What to produce: Include only the line with "Numbers: x, y, z, sx, sy, sz, roll, pitch, yaw." and the lines after it, each reproduced exactly as it stands in the entries below.

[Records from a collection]
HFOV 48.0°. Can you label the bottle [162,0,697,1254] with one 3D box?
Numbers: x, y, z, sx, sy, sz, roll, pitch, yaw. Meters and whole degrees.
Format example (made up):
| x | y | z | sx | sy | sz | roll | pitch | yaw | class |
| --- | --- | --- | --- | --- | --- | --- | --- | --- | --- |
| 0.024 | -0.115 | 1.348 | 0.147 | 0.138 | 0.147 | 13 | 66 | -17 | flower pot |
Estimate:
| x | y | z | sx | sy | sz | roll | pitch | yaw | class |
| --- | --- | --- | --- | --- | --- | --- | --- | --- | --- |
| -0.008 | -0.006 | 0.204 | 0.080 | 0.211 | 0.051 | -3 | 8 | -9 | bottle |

Solution to this exercise:
Numbers: x, y, z, sx, sy, sz, roll, pitch, yaw. Meters and whole degrees.
Format example (made up):
| x | y | z | sx | sy | sz | roll | pitch | yaw | class |
| --- | --- | --- | --- | --- | --- | --- | --- | --- | --- |
| 0.024 | -0.115 | 1.348 | 0.147 | 0.138 | 0.147 | 13 | 66 | -17 | flower pot |
Estimate:
| x | y | z | sx | sy | sz | roll | pitch | yaw | class |
| --- | --- | --- | --- | --- | --- | --- | --- | --- | --- |
| -0.008 | -0.006 | 0.204 | 0.080 | 0.211 | 0.051 | -3 | 8 | -9 | bottle |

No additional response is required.